Run a good spyware program . AdStatus Service is malware , bargain buddy I think ,and BullsEye Network is a p2p network ? But malware can be called any name . I see you have Spybot running , its not picking it up?





Edit: Spelling

[harrycary]

While I can't give you any real answers to your HijackThis log, I've got to say that eXeem(et al) is a waste of time.

What I mean is, while they are bittorrent clients you aren't very anonymous. Relatively speaking that is.

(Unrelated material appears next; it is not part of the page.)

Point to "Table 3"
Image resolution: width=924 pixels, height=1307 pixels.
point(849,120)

As I understand it so far, eXeem is not fully decentralized which to me sounds like it's set up with the ability to monitor traffic(and possibly other things to).

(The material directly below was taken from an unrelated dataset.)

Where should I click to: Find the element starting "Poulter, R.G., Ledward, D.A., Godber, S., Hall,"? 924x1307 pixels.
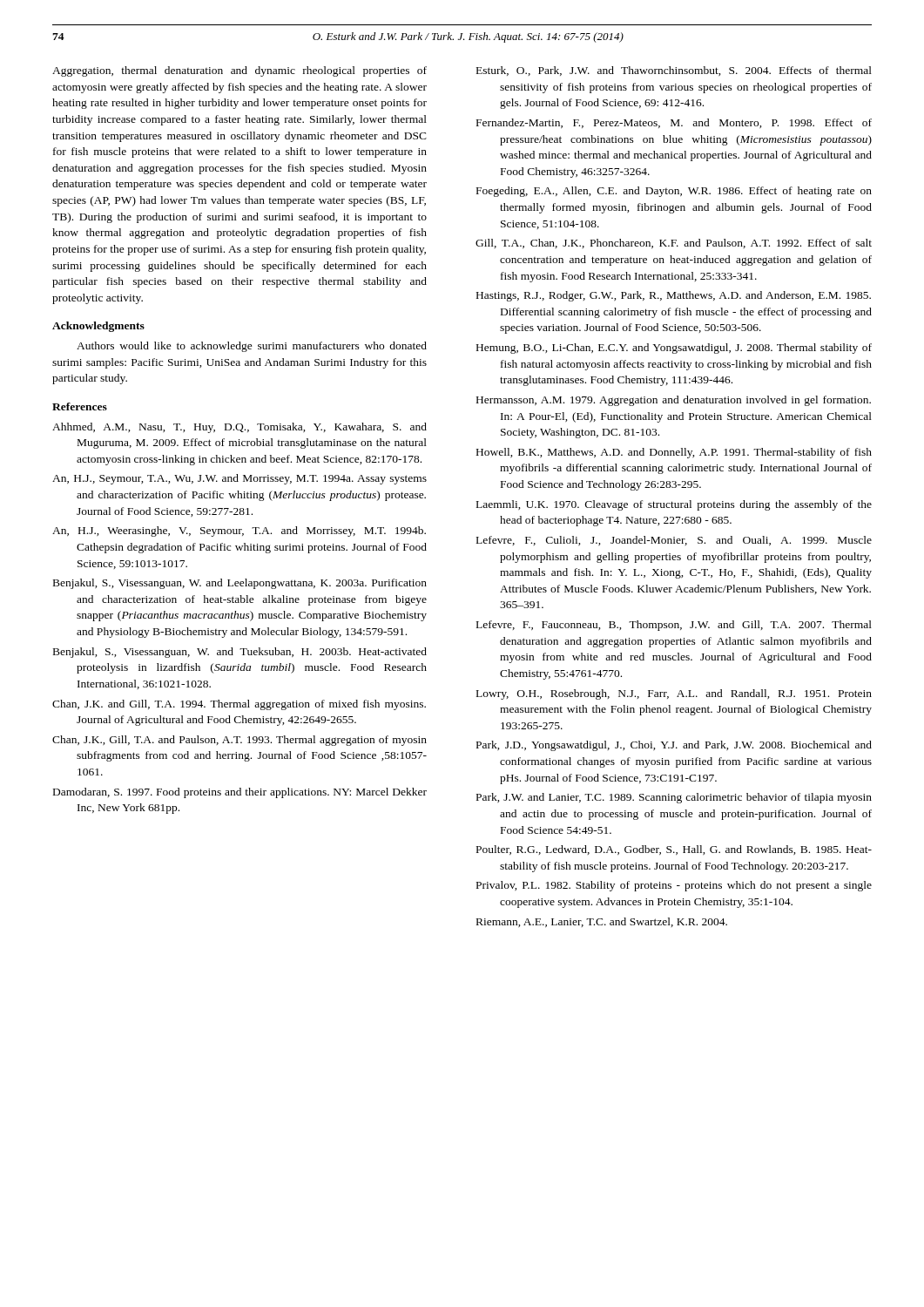[x=674, y=857]

That's the inherent asset of the bittorrent method of P2P file sharing.
No centralized servers.

Anyways, sorry if I can't answer your question but the facts about eXeem that
I've read about kinda keeps me from even trying it. I'm happy using The ABC bittorrent client and IRC when needed.

good luck.

[Peerzy]

I was just testing eXeem.


@IKE - Ad Aware crashes and my whole pc freezes (meaning i have to reboot) when i gets to the Bargin.exe file.

[peat moss]

There's some info on Symantecs site .

http://securityresponse.symantec.com...gainbuddy.html

[{I}{K}{E}]

I was just testing eXeem.


@IKE - Ad Aware crashes and my whole pc freezes (meaning i have to reboot) when i gets to the Bargin.exe file.

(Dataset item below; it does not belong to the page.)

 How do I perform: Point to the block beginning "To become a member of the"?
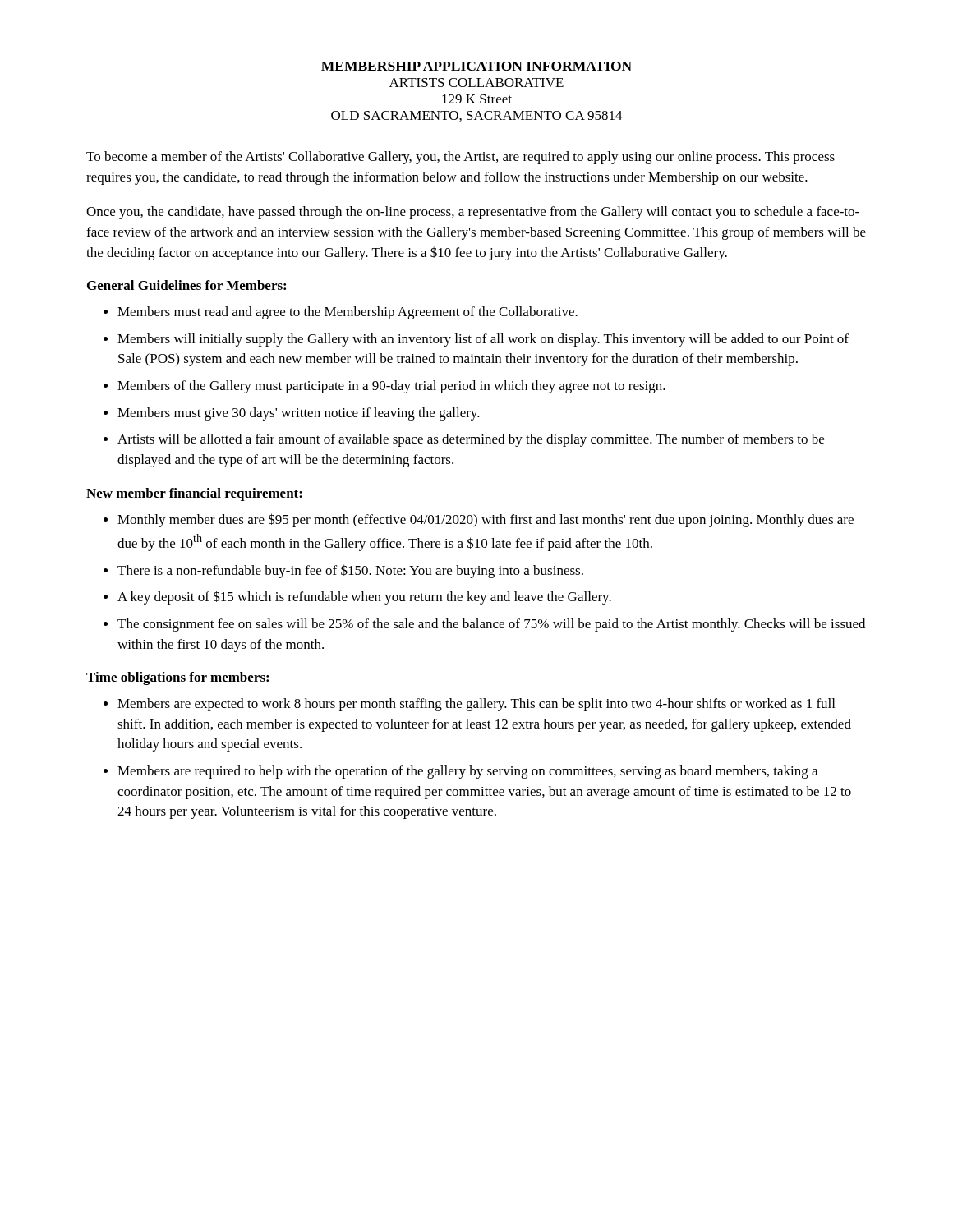click(x=461, y=167)

is that file still running in the background? what if you disable it?

[peat moss]

is that file still running in the background? what if you disable it?

Can you unistall in add/remove ? Or disable it thru windows task manager? Then run adaware .

[muchspl2]

https://filesharingtalk.com/vb3/t89552-.html

[peat moss]

https://filesharingtalk.com/vb3/t89552-.html

You had to get that in . Shows even us senior members, don't read the guides . A very good one at that.